Weak signals

 

There’s some disagreement about what the term ‘weak signal’ represents in terms of emerging trends or scenario thinking, but I like to think of them as hidden or ambiguous signals of change. In my view weak signals generally represent a change of direction for existing attitudes or behaviour, but they can also represent early indications of totally new ideas or events.

The image above is silly but significant. To many people coins are a pain in the pocket. They are heavy and dirty and somewhat outdated in the digital age. There was even a report a while back that in the US it now costs more than one cent to make one cent due to the cost of the metal. I suspect small coins will be more or less dead in many parts of the world within ten years. Larger coins within twenty. However, I suspect that paper notes will endure far longer, partly for the same reasons that paper newspapers, paper books and paper itself have lasted so long.

2 thoughts on “Weak signals

  1. When you were a child, you had very few coins.
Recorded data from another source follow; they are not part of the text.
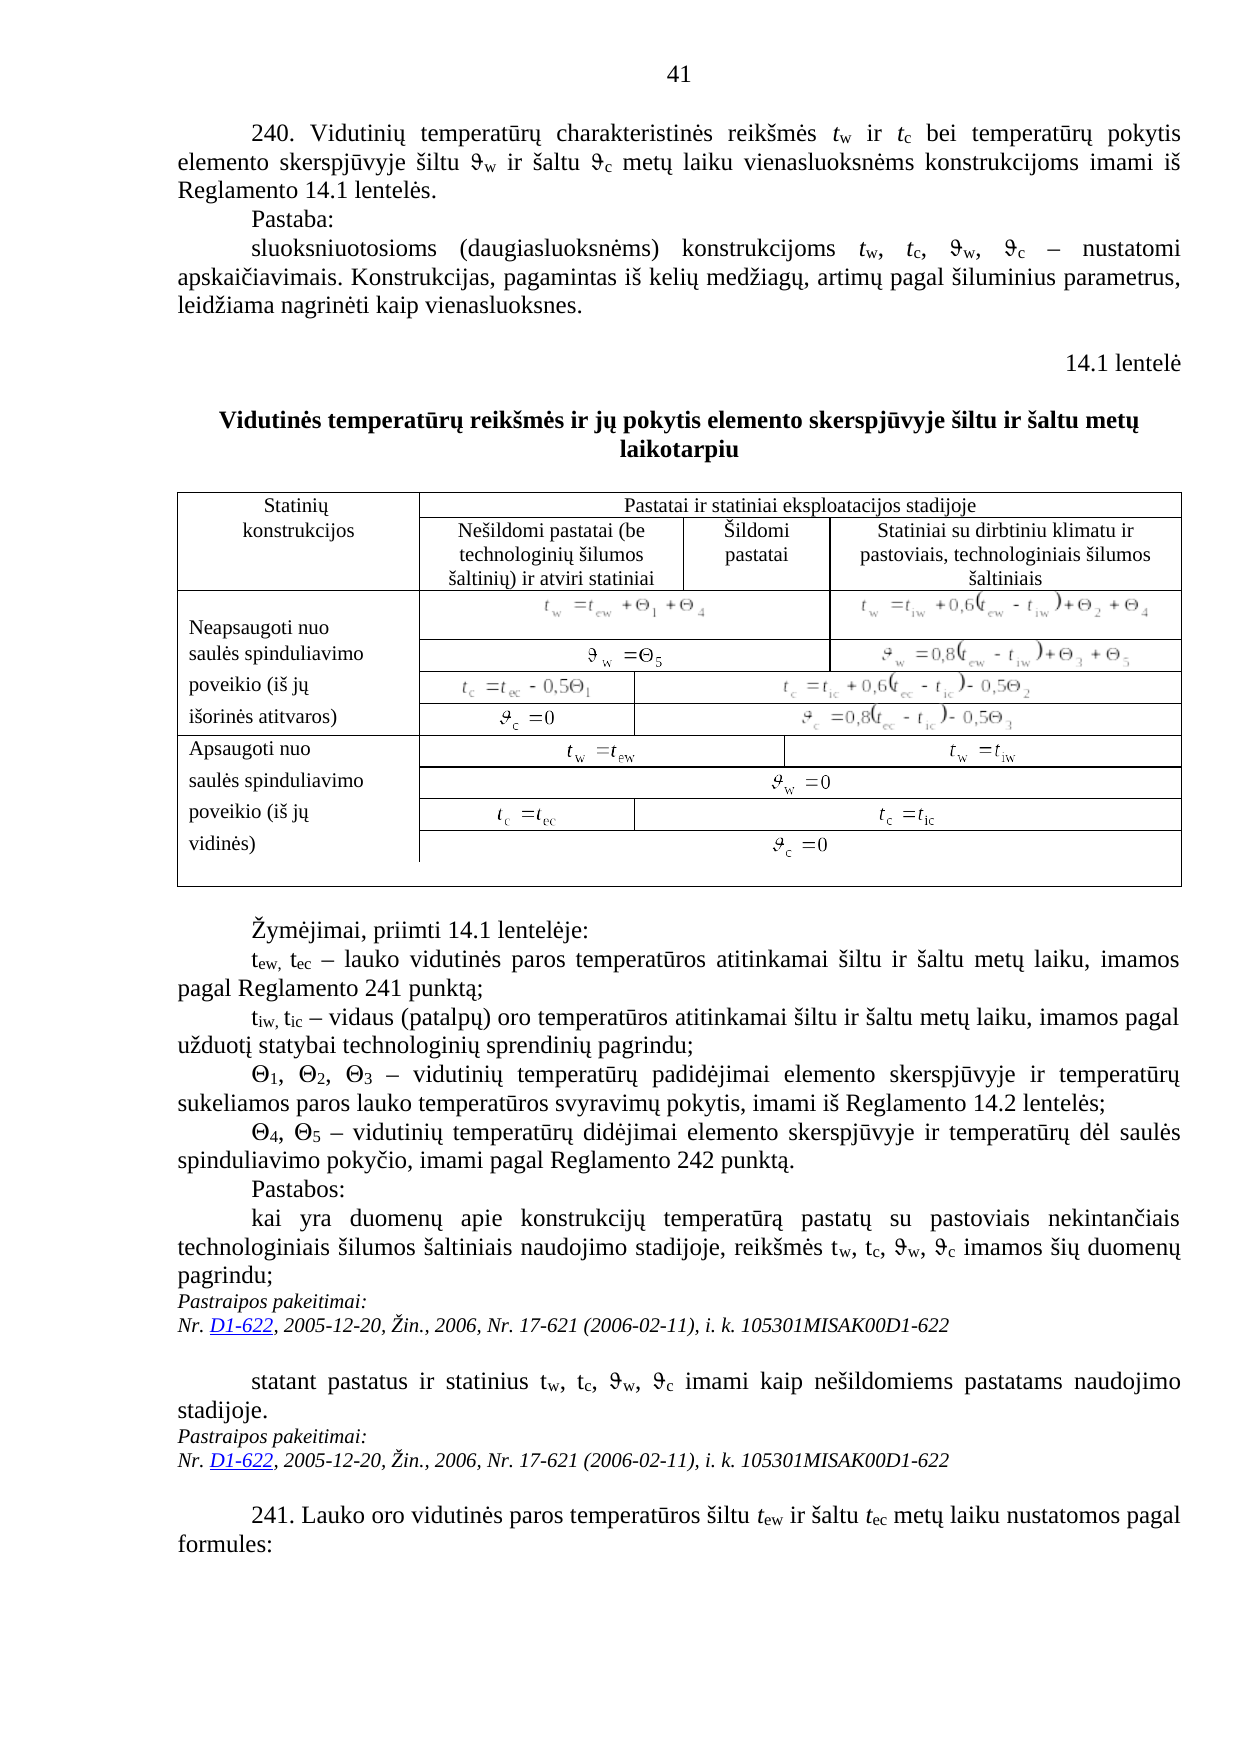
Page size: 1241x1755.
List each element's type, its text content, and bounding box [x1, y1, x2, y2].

table_cell Statiniai su dirbtiniu klimatu ir pastoviais, technologiniais šilumos šaltiniais [831, 518, 1181, 590]
text sluoksniuotosioms (daugiasluoksnėms) konstrukcijoms tw, tc, Jw, Jc – nustatomi apskaičiavimais. Konstrukcijas, pagamintas iš kelių medžiagų, artimų pagal šiluminius parametrus, leidžiama nagrinėti kaip vienasluoksnes. [177, 233, 1181, 319]
text Nr. D1-622, 2005-12-20, Žin., 2006, Nr. 17-621 (2006-02-11), i. k. 105301MISAK00D1-622 [177, 1448, 1181, 1472]
table_cell [420, 799, 634, 830]
table_cell poveikio (iš jų [178, 798, 419, 830]
table_cell saulės spinduliavimo [178, 766, 419, 798]
table_cell [831, 640, 1181, 671]
table_header Pastatai ir statiniai eksploatacijos stadijoje [420, 493, 1181, 517]
table_cell saulės spinduliavimo [178, 639, 419, 671]
text Žymėjimai, priimti 14.1 lentelėje: [177, 916, 1181, 944]
table_cell [420, 736, 784, 766]
table_cell [420, 831, 1181, 862]
table_cell konstrukcijos [178, 517, 419, 590]
text tiw, tic – vidaus (patalpų) oro temperatūros atitinkamai šiltu ir šaltu metų laiku, imamos pagal užduotį statybai technologinių sprendinių pagrindu; [177, 1002, 1181, 1059]
table_cell poveikio (iš jų [178, 671, 419, 703]
table_cell [635, 704, 1181, 735]
table_cell Apsaugoti nuo [178, 736, 419, 766]
table_cell [785, 736, 1181, 766]
text Q1, Q2, Q3 – vidutinių temperatūrų padidėjimai elemento skerspjūvyje ir temperatūrų sukeliamos paros lauko temperatūros svyravimų pokytis, imami iš Reglamento 14.2 lentelės; [177, 1059, 1181, 1117]
text Pastraipos pakeitimai: [177, 1424, 1181, 1448]
text tew, tec – lauko vidutinės paros temperatūros atitinkamai šiltu ir šaltu metų laiku, imamos pagal Reglamento 241 punktą; [177, 944, 1181, 1002]
table_cell [178, 862, 1181, 886]
table_cell [420, 640, 829, 671]
table_cell [420, 672, 634, 703]
text 241. Lauko oro vidutinės paros temperatūros šiltu tew ir šaltu tec metų laiku nustatomos pagal formules: [177, 1501, 1181, 1558]
table_cell [420, 704, 634, 735]
table_header Statinių [178, 493, 419, 517]
table_cell [635, 672, 1181, 703]
table_cell Neapsaugoti nuo [178, 591, 419, 639]
text Vidutinės temperatūrų reikšmės ir jų pokytis elemento skerspjūvyje šiltu ir šaltu metų laikotarpiu [177, 406, 1181, 463]
table_cell išorinės atitvaros) [178, 703, 419, 735]
table_cell [831, 591, 1181, 639]
table_cell Šildomi pastatai [684, 518, 829, 590]
table_cell [635, 799, 1181, 830]
text 14.1 lentelė [177, 348, 1181, 377]
text Nr. D1-622, 2005-12-20, Žin., 2006, Nr. 17-621 (2006-02-11), i. k. 105301MISAK00D1-622 [177, 1313, 1181, 1337]
table_cell [420, 591, 829, 639]
text Pastraipos pakeitimai: [177, 1289, 1181, 1313]
text Q4, Q5 – vidutinių temperatūrų didėjimai elemento skerspjūvyje ir temperatūrų dėl saulės spinduliavimo pokyčio, imami pagal Reglamento 242 punktą. [177, 1117, 1181, 1174]
text statant pastatus ir statinius tw, tc, w, c imami kaip nešildomiems pastatams naudojimo stadijoje. [177, 1366, 1181, 1424]
table_cell Nešildomi pastatai (be technologinių šilumos šaltinių) ir atviri statiniai [420, 518, 683, 590]
table_cell vidinės) [178, 830, 419, 862]
text Pastaba: [177, 204, 1181, 233]
table_cell [420, 768, 1181, 798]
text kai yra duomenų apie konstrukcijų temperatūrą pastatų su pastoviais nekintančiais technologiniais šilumos šaltiniais naudojimo stadijoje, reikšmės tw, tc, w, c imamos šių duomenų pagrindu; [177, 1203, 1181, 1289]
text Pastabos: [177, 1174, 1181, 1203]
text 240. Vidutinių temperatūrų charakteristinės reikšmės tw ir tc bei temperatūrų pokytis elemento skerspjūvyje šiltu Jw ir šaltu Jc metų laiku vienasluoksnėms konstrukcijoms imami iš Reglamento 14.1 lentelės. [177, 118, 1181, 204]

You knew that they were hard to come by. And when you spent them, you examined each one as you doled it out to pay for the penny candy. You even had a hard choice in selecting which piece of candy you wanted.
    :: When you are now an adult, you find change weighing in your pocket. But you still chose to offer paper money when paying for the price of a purchase.. even saying “Keep the change, when offering a small tip.” :: Coins will always be around. They carry the memories of a lessor time when we scrounged to find the right one to make the right amount of change. It is our security blanket. We feel we won’t go broke; we won’t be down to our last cent. We may even look to see the date on it to think, “how old is this coin?” We think and smile to ourselves, “I’m older than this coin,” and try to keep it just to have it longer. Never to go broke.